Monday, June 6, 2011

Day 157: Mini-Me

There's something that I have had to come to terms with as a parent, and it's a truth that all parents cringe from- at least a little. That is that children are like little mirrors. As you watch them and their behavior, they reflect back your flaws, strengths, weaknesses, habits and tendencies. It's a shocking thing to come to grips with. They handle conflict the way you do, although it is a more childish way- or not. They value what you value, what you truly value, not just what you say you value. They have your mannerisms and pick up on the verbiage of your daily conversation, so they learn to express themselves in a manner that reflects you.

I have seen this phenomena in my own children, poor dears, but there's another side of the coin that is actually quite endearing- and convicting.

Remember that trip to Wal-Mart?(Who knew a trip to a giant big-box sort of store could be so profound, huh?) Well, while we were in there, I looked a bit at the clearance sections in both the boys and girls; it's one of those times that I envy families that have just boys or just girls. Oh, how nice it would be to just deal with one section and hand things down!

But I digress. I do that sometimes. Ahem.

Norah was looking at the clothes, and she saw a shirt that caught her eye. I thought was kind of funny because about a month ago we were in the same said store, and after choosing a top for myself, I suggested the exact same top for Norah commenting that we would kind of match. Of course I was joking around with her, knowing that she would be appalled at such a suggestion, and the idea was soon predictably rejected.

Without reminding her of my previous suggestion, I proceeded to look for the right size for my girl. She was delighted. There was no mention that this top was akin to the one I had already in my possession until we got home, and she said, "Mom, if you wore your shirt we would kind of match."

"That's right, baby. We would."

The whole experience was a reminder to me of how much she watches me, and although she would never admit it, she wants to be like me. The fact is she already is. I see my faults being inadvertently taught to her and my sins emulated by her. My greatest hope is that any good in me would be mimicked as well. I pray that by the grace of God I can be someone worth looking up to and wanting to be like, and that she would know that it's only by his grace that she can reflect anything righteous.

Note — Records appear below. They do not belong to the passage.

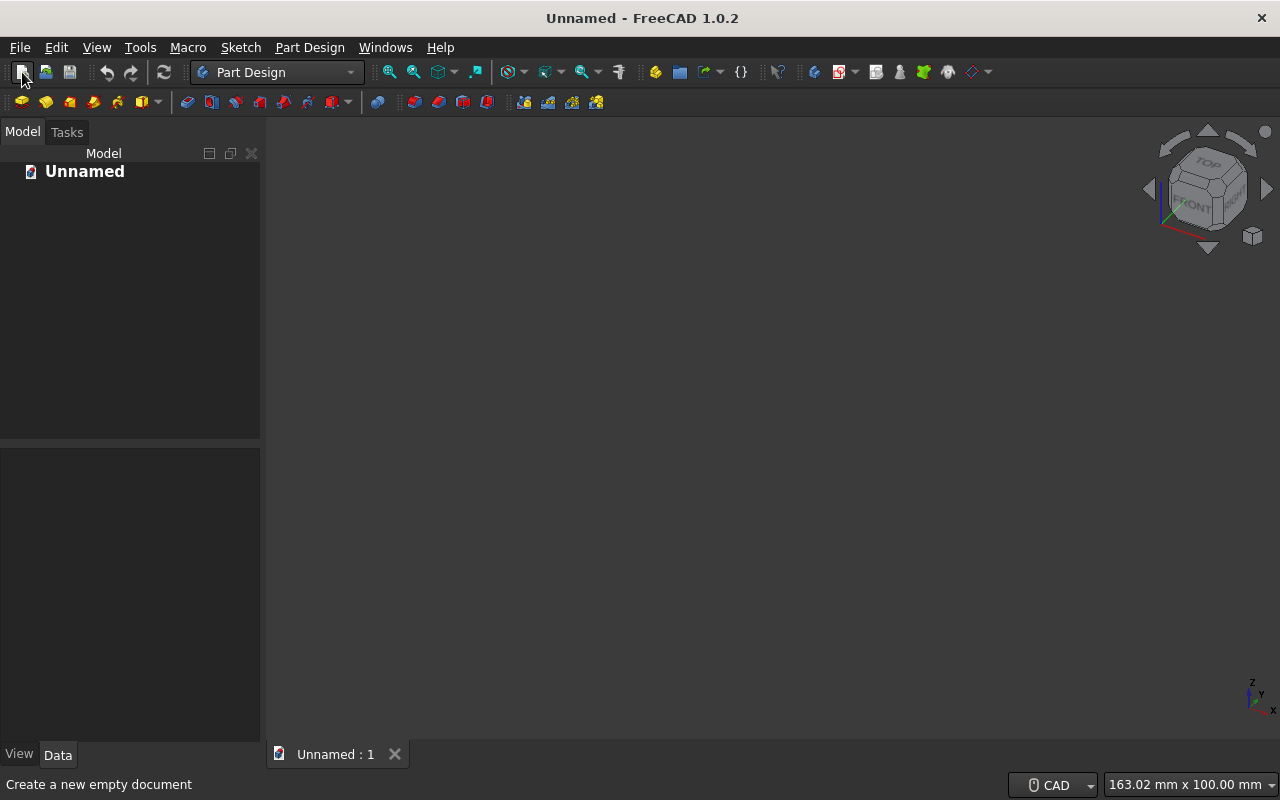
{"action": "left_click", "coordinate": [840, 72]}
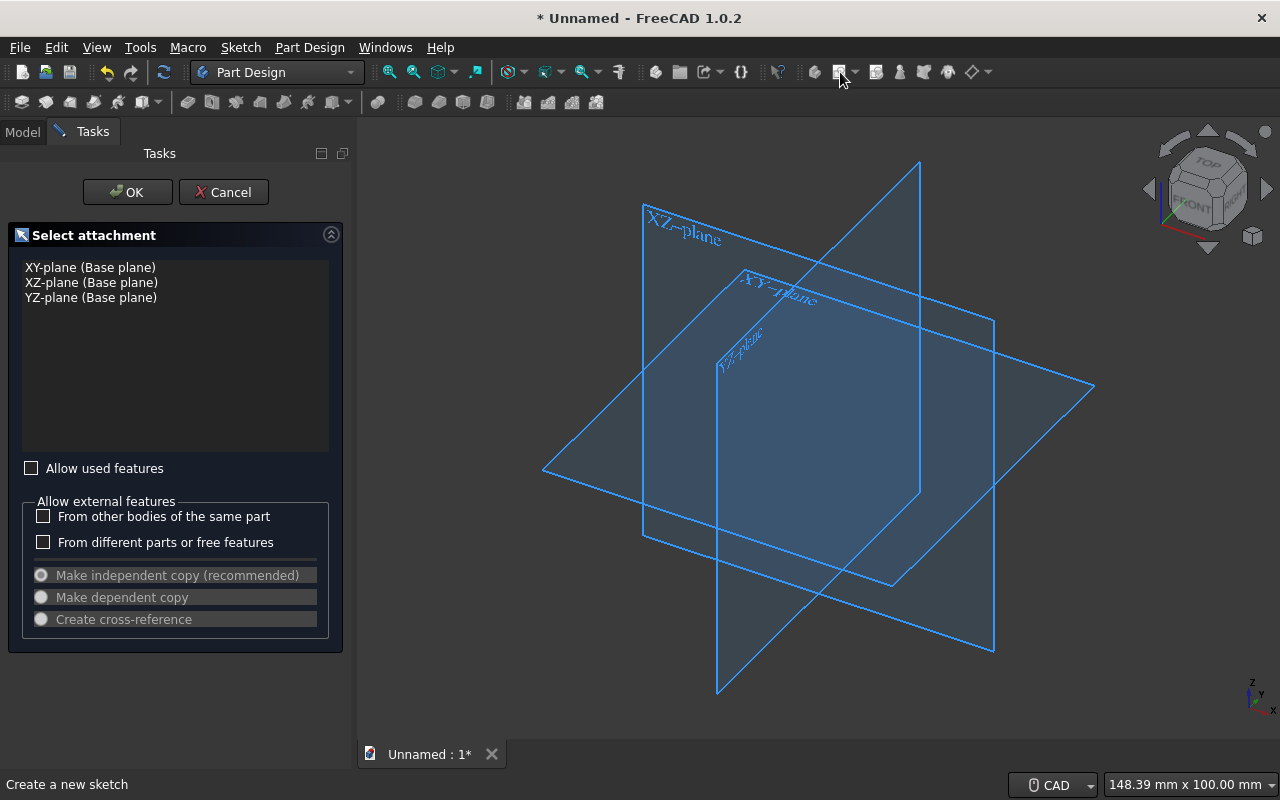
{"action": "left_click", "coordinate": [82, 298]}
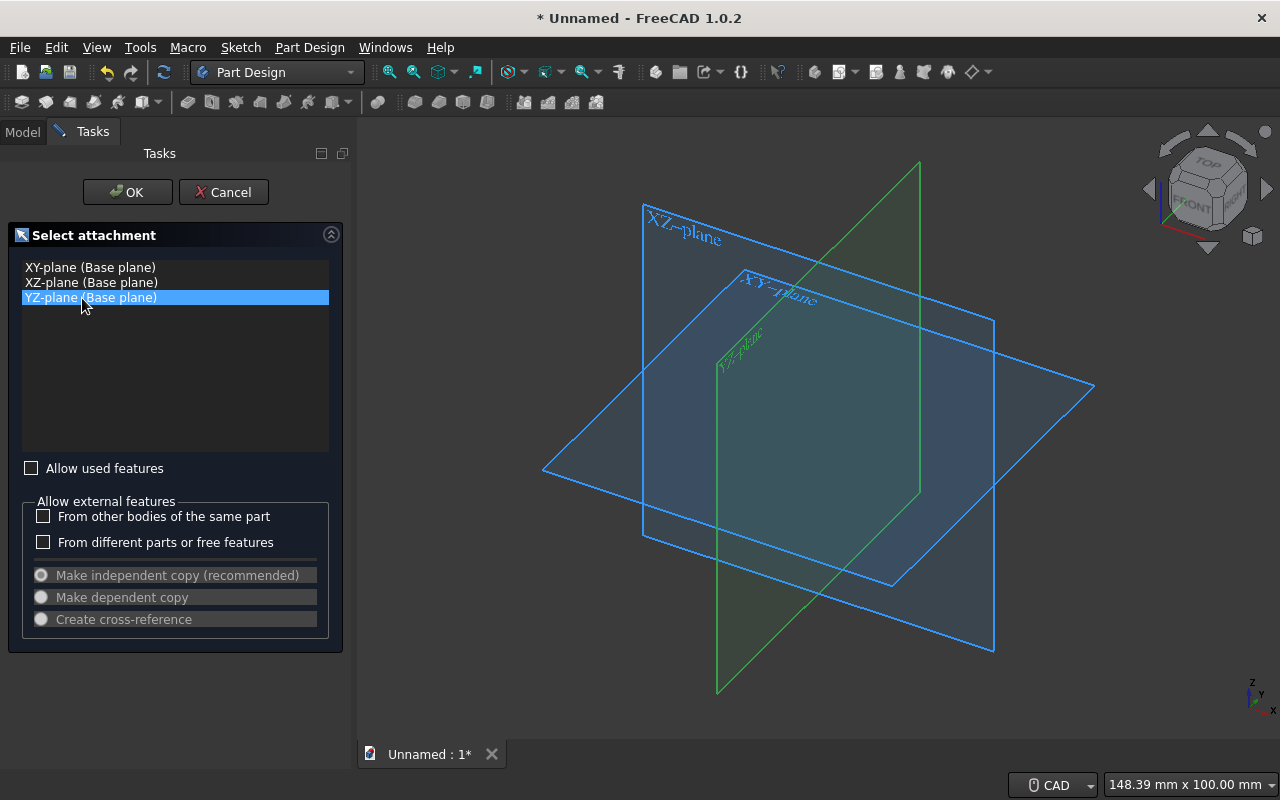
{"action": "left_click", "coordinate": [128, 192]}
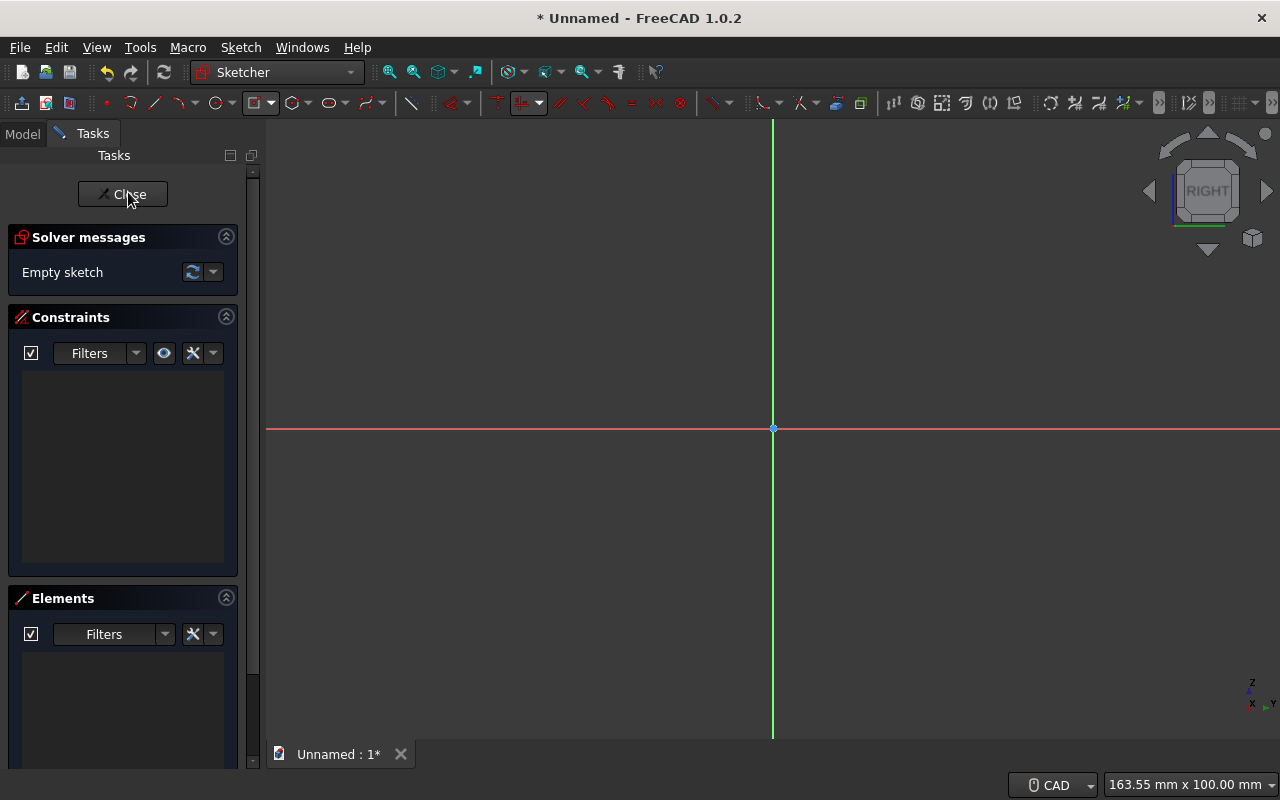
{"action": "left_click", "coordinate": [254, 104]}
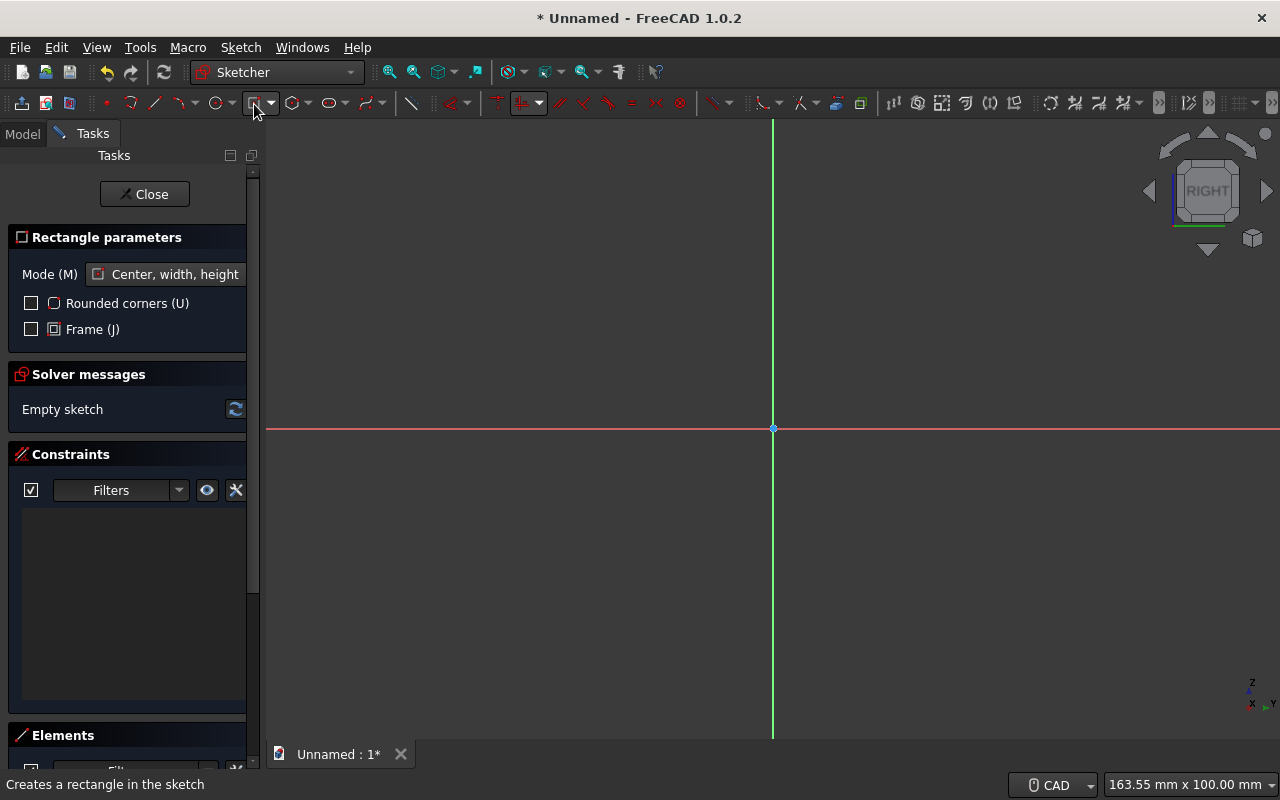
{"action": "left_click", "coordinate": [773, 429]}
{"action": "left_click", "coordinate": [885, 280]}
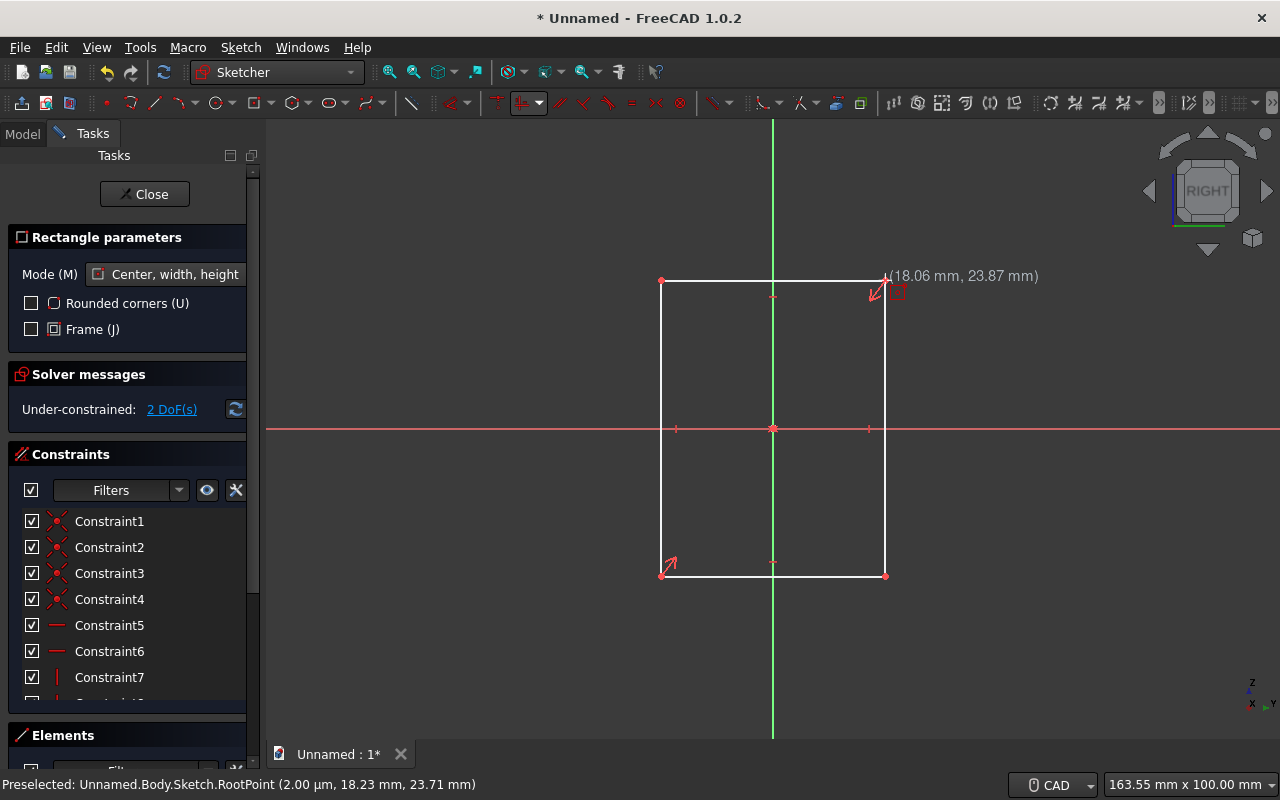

Older women likewise are to be reverent in behavior, not slanderers or slaves to much wine. 
They are to teach what is good, 
and so train the young women to love their husbands and children, 
 to be self-controlled, pure, working at home, kind, and submissive to their own husbands, 
that the word of God may not be reviled.
Titus 2:3-5
It starts with me at home with my little girl. Moms are to be that older woman to their daughters. I often have wrongly thought of this passage as just a mentor-like relationship within the church, but it's not just that. I starts within the walls of my home, and spills into the church where I seek to minister to all those younger and seek out wisdom, watching the example of those who are older. It is every woman's model to follow, and I hope that God gives me the strength to be diligent in the pursuit of that model.